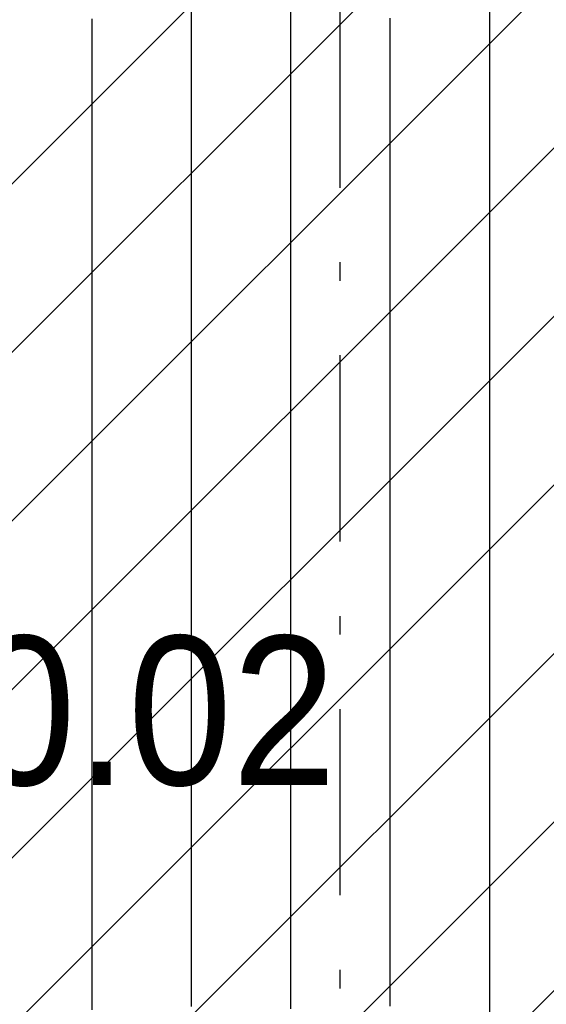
# Model space of a CAD drawing. Extents: x 997 to 109698, y 921 to 94021.
# Tile 196 of 256: x 17895 to 18954, y 24279 to 26262. Entities that reach past the tile are written whole.
import ezdxf

# ---------------------------------------------------------------- set-up
doc = ezdxf.new("R2010")
doc.units = 0
doc.header["$MEASUREMENT"] = 0
for name, color, linetype in [('12', 7, 'CONTINUOUS'), ('16', 7, 'CONTINUOUS'), ('28', 7, 'CONTINUOUS')]:
    doc.layers.add(name, color=color, linetype=linetype)
doc.styles.get("Standard").update_dxf_attribs({"font": 'Arial.ttf', "height": 0.2})

msp = doc.modelspace()

# ---------------------------------------------------------------- linework, layer by layer
at = {"layer": '12', "color": 6}
for points in [[(18239.743861, 26284.275072), (18239.743861, 26253.826418), (18239.743861, 26223.377764), (18239.74386, 26192.92911), (18239.743861, 26162.480456), (18239.743861, 26132.031802), (18239.743861, 26101.583149), (18239.74386, 26071.134495), (18239.74386, 26040.685841), (18239.743861, 26010.237187), (18239.743861, 25979.788533), (18239.743861, 25949.33988), (18239.74386, 25918.891226), (18239.743861, 25888.442572), (18239.743861, 25857.993918), (18239.743861, 25827.545264), (18239.74386, 25797.09661), (18239.743861, 25766.647956), (18239.74386, 25736.199303), (18239.743861, 25705.750649), (18239.743861, 25675.301995), (18239.74386, 25644.853341), (18239.743861, 25614.404687), (18239.74386, 25583.956033), (18239.74386, 25553.507379), (18239.74386, 25523.058725), (18239.74386, 25492.610072), (18239.74386, 25462.161418), (18239.743861, 25431.712764), (18239.74386, 25401.26411), (18239.74386, 25370.815456), (18239.743861, 25340.366803), (18239.74386, 25309.918149), (18239.743861, 25279.469495), (18239.743861, 25249.020841), (18239.743861, 25218.572187), (18239.743861, 25188.123533), (18239.743861, 25157.67488), (18239.743861, 25127.226226), (18239.74386, 25096.777572), (18239.743861, 25066.328918), (18239.743861, 25035.880264), (18239.743861, 25005.431611), (18239.743861, 24974.982957), (18239.743861, 24944.534303), (18239.743861, 24914.085649), (18239.743861, 24883.636995), (18239.743861, 24853.188341), (18239.743861, 24822.739687), (18239.74386, 24792.291033), (18239.743861, 24761.84238), (18239.743861, 24731.393726), (18239.743861, 24700.945072), (18239.74386, 24670.496418), (18239.74386, 24640.047764), (18239.743861, 24609.599111), (18239.743861, 24579.150456), (18239.74386, 24548.701803), (18239.743861, 24518.253149), (18239.74386, 24487.804495), (18239.74386, 24457.355841), (18239.74386, 24426.907187), (18239.74386, 24396.458534), (18239.74386, 24366.00988), (18239.74386, 24335.561226), (18239.74386, 24305.112572), (18239.743861, 24274.663918)], [(18639.74386, 26265.522187), (18639.74386, 26231.795264), (18639.74386, 26198.068341), (18639.74386, 26164.341418), (18639.74386, 26130.614495), (18639.74386, 26096.887572), (18639.74386, 26063.160649), (18639.74386, 26029.433726), (18639.74386, 25995.706803), (18639.74386, 25961.97988), (18639.74386, 25928.252957), (18639.74386, 25894.526033), (18639.74386, 25860.79911), (18639.74386, 25827.072187), (18639.74386, 25793.345264), (18639.74386, 25759.618341), (18639.74386, 25725.891418), (18639.74386, 25692.164495), (18639.74386, 25658.437572), (18639.74386, 25624.710648), (18639.74386, 25590.983726), (18639.74386, 25557.256803), (18639.74386, 25523.52988), (18639.74386, 25489.802956), (18639.74386, 25456.076033), (18639.74386, 25422.34911), (18639.74386, 25388.622187), (18639.74386, 25354.895264), (18639.74386, 25321.168341), (18639.74386, 25287.441418), (18639.74386, 25253.714495), (18639.74386, 25219.987572), (18639.74386, 25186.260649), (18639.74386, 25152.533726), (18639.74386, 25118.806803), (18639.74386, 25085.07988), (18639.74386, 25051.352956), (18639.74386, 25017.626034), (18639.74386, 24983.89911), (18639.74386, 24950.172187), (18639.743861, 24916.445264), (18639.74386, 24882.718341), (18639.74386, 24848.991418), (18639.74386, 24815.264495), (18639.74386, 24781.537572), (18639.74386, 24747.810649), (18639.74386, 24714.083726), (18639.74386, 24680.356803), (18639.74386, 24646.62988), (18639.74386, 24612.902956), (18639.74386, 24579.176034), (18639.74386, 24545.44911), (18639.74386, 24511.722187), (18639.74386, 24477.995264), (18639.74386, 24444.268341), (18639.74386, 24410.541418), (18639.74386, 24376.814495), (18639.74386, 24343.087572), (18639.74386, 24309.360649), (18639.74386, 24275.633726)]]:
    msp.add_lwpolyline(points, dxfattribs=at)
at = {"layer": '12', "color": 5}
for points in [[(18439.743861, 26293.570264), (18439.743861, 26259.275456), (18439.74386, 26224.980649), (18439.743861, 26190.685841), (18439.743861, 26156.391033), (18439.743861, 26122.096226), (18439.74386, 26087.801418), (18439.743861, 26053.50661), (18439.743861, 26019.211803), (18439.74386, 25984.916995), (18439.743861, 25950.622187), (18439.743861, 25916.327379), (18439.743861, 25882.032572), (18439.743861, 25847.737764), (18439.74386, 25813.442956), (18439.743861, 25779.148149), (18439.743861, 25744.853341), (18439.743861, 25710.558533), (18439.743861, 25676.263726), (18439.743861, 25641.968918), (18439.743861, 25607.67411), (18439.743861, 25573.379303), (18439.743861, 25539.084495), (18439.743861, 25504.789687), (18439.743861, 25470.494879), (18439.743861, 25436.200072), (18439.743861, 25401.905264), (18439.743861, 25367.610456), (18439.743861, 25333.315649), (18439.743861, 25299.020841), (18439.743861, 25264.726034), (18439.743861, 25230.431226), (18439.74386, 25196.136418), (18439.74386, 25161.84161), (18439.743861, 25127.546803), (18439.74386, 25093.251995), (18439.74386, 25058.957187), (18439.743861, 25024.66238), (18439.743861, 24990.367572), (18439.743861, 24956.072764), (18439.74386, 24921.777957), (18439.743861, 24887.483149), (18439.743861, 24853.188341), (18439.74386, 24818.893533), (18439.74386, 24784.598726), (18439.74386, 24750.303918), (18439.74386, 24716.00911), (18439.74386, 24681.714303), (18439.74386, 24647.419495), (18439.74386, 24613.124687), (18439.743861, 24578.82988), (18439.74386, 24544.535072), (18439.74386, 24510.240264), (18439.74386, 24475.945456), (18439.74386, 24441.650649), (18439.74386, 24407.355841), (18439.74386, 24373.061033), (18439.74386, 24338.766226), (18439.74386, 24304.471418), (18439.74386, 24270.17661)], [(18839.74386, 26287.114495), (18839.74386, 26257.233726), (18839.74386, 26227.352956), (18839.74386, 26197.472187), (18839.74386, 26167.591418), (18839.74386, 26137.710649), (18839.74386, 26107.829879), (18839.743861, 26077.94911), (18839.74386, 26048.068341), (18839.74386, 26018.187572), (18839.74386, 25988.306803), (18839.74386, 25958.426034), (18839.74386, 25928.545264), (18839.74386, 25898.664495), (18839.74386, 25868.783726), (18839.74386, 25838.902956), (18839.74386, 25809.022187), (18839.74386, 25779.141418), (18839.74386, 25749.260649), (18839.74386, 25719.37988), (18839.74386, 25689.49911), (18839.74386, 25659.618341), (18839.74386, 25629.737572), (18839.74386, 25599.856803), (18839.743861, 25569.976034), (18839.74386, 25540.095264), (18839.74386, 25510.214495), (18839.74386, 25480.333726), (18839.74386, 25450.452957), (18839.743861, 25420.572188), (18839.743861, 25390.691418), (18839.74386, 25360.810649), (18839.74386, 25330.929879), (18839.74386, 25301.04911), (18839.74386, 25271.168341), (18839.74386, 25241.287572), (18839.74386, 25211.406803), (18839.74386, 25181.526034), (18839.74386, 25151.645264), (18839.743861, 25121.764495), (18839.74386, 25091.883726), (18839.743861, 25062.002957), (18839.74386, 25032.122187), (18839.743861, 25002.241418), (18839.74386, 24972.360649), (18839.74386, 24942.47988), (18839.74386, 24912.59911), (18839.743861, 24882.718341), (18839.74386, 24852.837572), (18839.74386, 24822.956803), (18839.74386, 24793.076033), (18839.74386, 24763.195264), (18839.74386, 24733.314495), (18839.74386, 24703.433726), (18839.743861, 24673.552957), (18839.74386, 24643.672187), (18839.74386, 24613.791418), (18839.74386, 24583.910649), (18839.74386, 24554.02988), (18839.74386, 24524.14911), (18839.74386, 24494.268341), (18839.74386, 24464.387572), (18839.74386, 24434.506803), (18839.74386, 24404.626034), (18839.74386, 24374.745264), (18839.74386, 24344.864495), (18839.74386, 24314.983726), (18839.74386, 24285.102957), (18839.74386, 24255.222188)], [(18039.723144, 26264.216712), (18039.731113, 26260.754424), (18039.736782, 26257.292131), (18039.740533, 26253.829835), (18039.742748, 26250.367536), (18039.743806, 26246.905236), (18039.744091, 26243.442936), (18039.743982, 26239.980637), (18039.743861, 26236.518341)], [(18039.743861, 26236.518341), (18039.743861, 26209.915841), (18039.743861, 26183.313341), (18039.743861, 26156.710841), (18039.743861, 26130.108341), (18039.743861, 26103.505841), (18039.743861, 26076.903341), (18039.743861, 26050.300841), (18039.743861, 26023.698341), (18039.74386, 25997.095841), (18039.74386, 25970.493341), (18039.743861, 25943.890841), (18039.74386, 25917.288341), (18039.743861, 25890.685841), (18039.743861, 25864.083341), (18039.743861, 25837.480841), (18039.743861, 25810.878341), (18039.74386, 25784.275841), (18039.743861, 25757.673341), (18039.743861, 25731.070841), (18039.743861, 25704.468341), (18039.74386, 25677.865841), (18039.743861, 25651.263341), (18039.74386, 25624.660841), (18039.74386, 25598.058341), (18039.74386, 25571.455841), (18039.74386, 25544.853341), (18039.74386, 25518.250841), (18039.74386, 25491.648341), (18039.74386, 25465.045841), (18039.74386, 25438.443341), (18039.74386, 25411.840841), (18039.74386, 25385.238341), (18039.74386, 25358.635841), (18039.74386, 25332.033341), (18039.74386, 25305.430841), (18039.74386, 25278.828341), (18039.74386, 25252.225841), (18039.74386, 25225.623341), (18039.74386, 25199.020841), (18039.74386, 25172.418341), (18039.74386, 25145.815841), (18039.74386, 25119.213341), (18039.74386, 25092.610841), (18039.74386, 25066.008341), (18039.74386, 25039.405841), (18039.74386, 25012.803341), (18039.74386, 24986.200841), (18039.74386, 24959.598341), (18039.74386, 24932.995841), (18039.74386, 24906.393341), (18039.74386, 24879.790841), (18039.74386, 24853.188341), (18039.74386, 24826.585841), (18039.74386, 24799.983341), (18039.74386, 24773.380841), (18039.74386, 24746.778341), (18039.74386, 24720.175841), (18039.74386, 24693.573341), (18039.74386, 24666.970841), (18039.74386, 24640.368341), (18039.74386, 24613.765841), (18039.74386, 24587.163341), (18039.74386, 24560.560841), (18039.74386, 24533.958341), (18039.74386, 24507.355841), (18039.74386, 24480.753341), (18039.74386, 24454.150841), (18039.74386, 24427.548341), (18039.74386, 24400.945841), (18039.74386, 24374.343341), (18039.74386, 24347.740841), (18039.74386, 24321.138341), (18039.74386, 24294.535841), (18039.74386, 24267.933341)]]:
    msp.add_lwpolyline(points, dxfattribs=at)
at = {"layer": '28', "color": 2}
for p, q in [((18883.850713, 26936.518341), (13497.601607, 21550.269236)), ((19223.261968, 26936.518341), (13497.601607, 21210.857981)), ((19562.673223, 26936.518341), (13497.601607, 20871.446726)), ((15401.521374, 22435.955237), (19902.084478, 26936.518341)), ((15740.932629, 22435.955237), (20241.495733, 26936.518341)), ((16080.343884, 22435.955237), (20580.906988, 26936.518341)), ((16419.755139, 22435.955237), (20920.318243, 26936.518341)), ((16759.166394, 22435.955237), (21259.729498, 26936.518341)), ((17098.577649, 22435.955237), (21599.140753, 26936.518341))]:
    msp.add_line(p, q, dxfattribs=at)
at = {"layer": '28', "color": 4}
for p, q in [((18539.74386, 25923.736789), (18539.74386, 26298.736789)), ((18539.74386, 25211.236789), (18539.74386, 25586.236789)), ((18539.74386, 24498.736789), (18539.74386, 24873.736789))]:
    msp.add_line(p, q, dxfattribs=at)
at = {"layer": '28', "color": 4, "linetype": 'Continuous'}
for p, q in [((18539.74386, 25736.236789), (18539.74386, 25773.736789)), ((18539.74386, 25023.736789), (18539.74386, 25061.236789)), ((18539.74386, 24311.236789), (18539.74386, 24348.736789))]:
    msp.add_line(p, q, dxfattribs=at)

# ---------------------------------------------------------------- texts
at = {"layer": '16', "color": 24, "width": 0.9}
msp.add_text('0.02', height=300, dxfattribs=at).set_placement((17797.636205, 24720.953237))

doc.saveas('drawing.dxf')

* * *

— Exercise brief —
Pull every line containing "height" from the data.

— Task result —
doc.styles.get("Standard").update_dxf_attribs({"font": 'Arial.ttf', "height": 0.2})
msp.add_text('0.02', height=300, dxfattribs=at).set_placement((17797.636205, 24720.953237))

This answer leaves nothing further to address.